RECORDS SHOWN:
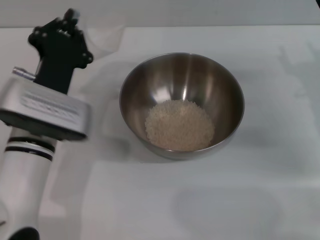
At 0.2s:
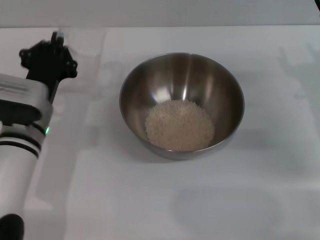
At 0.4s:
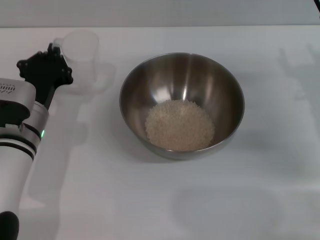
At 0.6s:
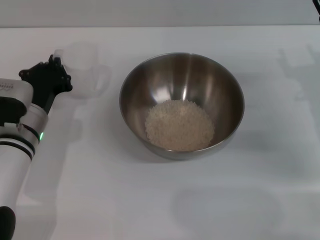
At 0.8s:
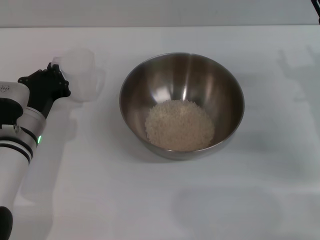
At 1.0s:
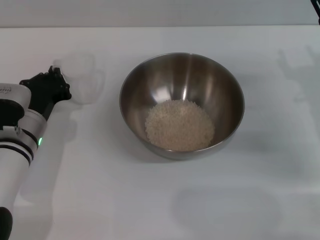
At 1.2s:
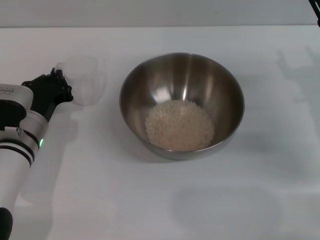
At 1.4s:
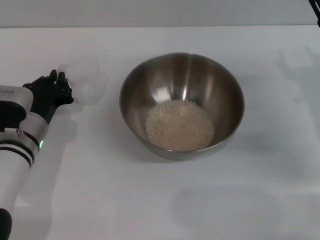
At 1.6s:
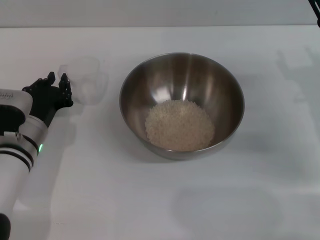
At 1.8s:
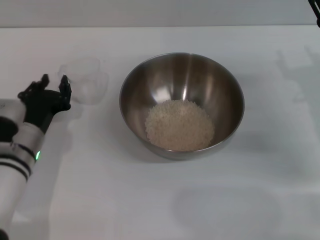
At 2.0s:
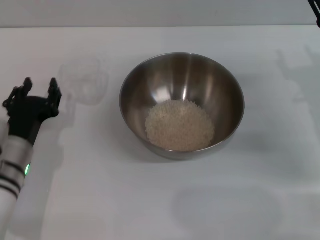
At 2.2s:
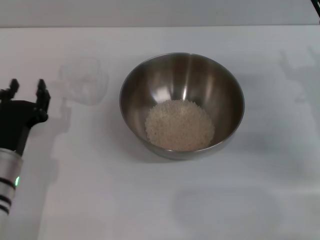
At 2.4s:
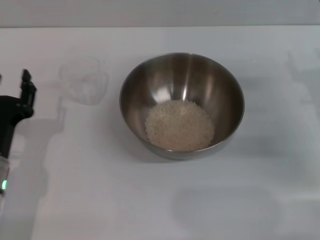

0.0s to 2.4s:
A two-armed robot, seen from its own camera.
Task of the whole recording: Place the bowl in the middle of the table with one hand and pour the rice from the grain cup into it with the other hand.
Step, 0.0s to 1.8s: Place the cup on the table with the left gripper.
0.0s to 1.2s: The left gripper is displaced downward and to the left by some 10 cm.
1.2s to 2.4s: The left gripper heads backward, covering approximately 10 cm, and opens its fingers.

TASK STATEMENT: Reproduce each line of the records exactly and exclude any images.

WRITTEN ANSWER:
At 0.2s:
At 0.4s:
At 0.6s:
At 0.8s:
At 1.0s:
At 1.2s:
At 1.4s:
At 1.6s:
At 1.8s:
At 2.0s:
At 2.2s:
At 2.4s:

0.0s to 2.4s:
A two-armed robot, seen from its own camera.
Task of the whole recording: Place the bowl in the middle of the table with one hand and pour the rice from the grain cup into it with the other hand.
Step, 0.0s to 1.8s: Place the cup on the table with the left gripper.
0.0s to 1.2s: The left gripper is displaced downward and to the left by some 10 cm.
1.2s to 2.4s: The left gripper heads backward, covering approximately 10 cm, and opens its fingers.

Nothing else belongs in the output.